## C# || How To Find Longest Arithmetic Subsequence Of An Array Using C# The following is a module with functions which demonstrates how to find the longest arithmetic subsequence of an array using C#.

1. Longest Arithmetic Subsequence Length – Problem Statement

Given an array nums of integers, return the length of the longest arithmetic subsequence in nums.

Recall that a subsequence of an array nums is a list nums[i1], nums[i2], …, nums[ik] with 0 <= i1 < i2 < … < ik <= nums.length – 1, and that a sequence seq is arithmetic if seq[i+1] – seq[i] are all the same value (for 0 <= i < seq.length – 1).

Example 1:

``` Input: nums = [3,6,9,12] Output: 4 Explanation: The whole array is an arithmetic sequence with steps of length = 3. ```

Example 2:

``` Input: nums = [9,4,7,2,10] Output: 3 Explanation: The longest arithmetic subsequence is [4,7,10]. ```

Example 3:

``` Input: nums = [20,1,15,3,10,5,8] Output: 4 Explanation: The longest arithmetic subsequence is [20,15,10,5]. ```

2. Longest Arithmetic Subsequence Length – Solution

The following is a solution which demonstrates how to find the longest arithmetic subsequence of an array.
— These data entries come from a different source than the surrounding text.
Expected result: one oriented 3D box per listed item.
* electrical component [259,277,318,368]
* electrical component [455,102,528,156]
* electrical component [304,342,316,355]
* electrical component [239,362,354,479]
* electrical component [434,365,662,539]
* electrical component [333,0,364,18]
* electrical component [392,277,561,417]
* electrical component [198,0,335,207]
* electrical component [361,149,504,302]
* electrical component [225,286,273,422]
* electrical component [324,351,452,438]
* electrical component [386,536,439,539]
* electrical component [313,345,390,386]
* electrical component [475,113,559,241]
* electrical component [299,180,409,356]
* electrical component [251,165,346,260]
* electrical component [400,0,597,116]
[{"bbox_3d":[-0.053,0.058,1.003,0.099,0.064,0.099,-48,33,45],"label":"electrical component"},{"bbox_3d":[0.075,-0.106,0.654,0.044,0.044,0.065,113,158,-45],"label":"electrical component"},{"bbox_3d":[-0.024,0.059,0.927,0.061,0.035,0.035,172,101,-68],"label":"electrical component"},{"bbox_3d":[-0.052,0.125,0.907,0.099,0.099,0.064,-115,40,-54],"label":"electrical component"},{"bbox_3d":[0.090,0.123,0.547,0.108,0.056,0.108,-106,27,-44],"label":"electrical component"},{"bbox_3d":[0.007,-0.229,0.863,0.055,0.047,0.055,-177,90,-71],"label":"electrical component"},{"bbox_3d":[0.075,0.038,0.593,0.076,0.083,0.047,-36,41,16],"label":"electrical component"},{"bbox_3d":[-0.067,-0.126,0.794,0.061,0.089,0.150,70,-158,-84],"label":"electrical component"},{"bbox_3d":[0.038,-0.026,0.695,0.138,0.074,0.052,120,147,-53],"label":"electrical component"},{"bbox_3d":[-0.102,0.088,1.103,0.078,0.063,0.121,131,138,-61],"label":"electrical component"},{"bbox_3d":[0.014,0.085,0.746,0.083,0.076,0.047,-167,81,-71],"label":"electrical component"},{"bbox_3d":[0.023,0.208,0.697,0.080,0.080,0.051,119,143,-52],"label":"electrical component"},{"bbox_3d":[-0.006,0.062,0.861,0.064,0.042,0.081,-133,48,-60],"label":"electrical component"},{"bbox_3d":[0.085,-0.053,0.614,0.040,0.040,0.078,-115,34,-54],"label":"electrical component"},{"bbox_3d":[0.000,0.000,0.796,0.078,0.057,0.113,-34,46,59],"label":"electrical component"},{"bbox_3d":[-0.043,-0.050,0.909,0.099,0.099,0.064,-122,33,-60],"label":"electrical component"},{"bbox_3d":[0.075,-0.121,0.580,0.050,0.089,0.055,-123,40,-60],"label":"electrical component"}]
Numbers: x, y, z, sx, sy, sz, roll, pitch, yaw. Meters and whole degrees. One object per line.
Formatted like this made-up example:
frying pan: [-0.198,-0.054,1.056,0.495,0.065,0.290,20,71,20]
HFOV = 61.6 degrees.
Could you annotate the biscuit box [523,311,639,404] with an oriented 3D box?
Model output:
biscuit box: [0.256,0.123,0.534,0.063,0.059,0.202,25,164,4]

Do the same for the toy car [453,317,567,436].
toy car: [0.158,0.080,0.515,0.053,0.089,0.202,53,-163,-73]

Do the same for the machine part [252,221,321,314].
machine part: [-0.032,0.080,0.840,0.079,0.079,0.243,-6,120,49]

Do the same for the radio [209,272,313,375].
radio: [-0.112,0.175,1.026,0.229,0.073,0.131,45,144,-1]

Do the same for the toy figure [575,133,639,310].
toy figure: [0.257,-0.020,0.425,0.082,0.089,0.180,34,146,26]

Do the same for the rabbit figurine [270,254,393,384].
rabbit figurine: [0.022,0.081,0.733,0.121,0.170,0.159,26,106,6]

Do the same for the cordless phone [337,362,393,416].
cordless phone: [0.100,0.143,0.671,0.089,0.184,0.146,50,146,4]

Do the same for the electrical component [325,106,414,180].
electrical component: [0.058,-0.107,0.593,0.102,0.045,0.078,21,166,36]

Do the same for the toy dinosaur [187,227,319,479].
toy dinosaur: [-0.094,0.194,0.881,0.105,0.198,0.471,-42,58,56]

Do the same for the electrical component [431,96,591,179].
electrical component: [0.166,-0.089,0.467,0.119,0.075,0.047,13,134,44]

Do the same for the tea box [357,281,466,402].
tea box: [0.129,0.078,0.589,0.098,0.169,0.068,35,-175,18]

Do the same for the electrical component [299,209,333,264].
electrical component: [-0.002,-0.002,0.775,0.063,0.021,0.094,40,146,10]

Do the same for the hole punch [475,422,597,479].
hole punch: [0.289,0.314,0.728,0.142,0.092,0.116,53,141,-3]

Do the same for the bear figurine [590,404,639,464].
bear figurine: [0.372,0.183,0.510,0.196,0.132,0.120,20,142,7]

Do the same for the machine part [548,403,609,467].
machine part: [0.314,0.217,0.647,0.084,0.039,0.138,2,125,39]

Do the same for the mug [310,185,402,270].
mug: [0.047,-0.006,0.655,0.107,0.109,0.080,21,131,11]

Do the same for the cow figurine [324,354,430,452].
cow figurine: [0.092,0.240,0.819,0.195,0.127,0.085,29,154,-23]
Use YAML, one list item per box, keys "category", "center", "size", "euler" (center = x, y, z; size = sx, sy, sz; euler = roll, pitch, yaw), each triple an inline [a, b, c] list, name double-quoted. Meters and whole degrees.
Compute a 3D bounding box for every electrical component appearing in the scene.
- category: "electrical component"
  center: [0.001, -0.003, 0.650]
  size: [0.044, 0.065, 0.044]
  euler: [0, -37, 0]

The main idea in this solution is to maintain a dictionary map array of the differences seen at each index, where dp[index][diff] holds the frequency count at that index, for that specific diff.

Each item in the array is considered and checked against to their items to the left.

For each number (i,j) we determine the difference d = nums[i] – nums[j] and keep a count of the frequency the difference has been seen.

In the end, the max difference frequency is returned.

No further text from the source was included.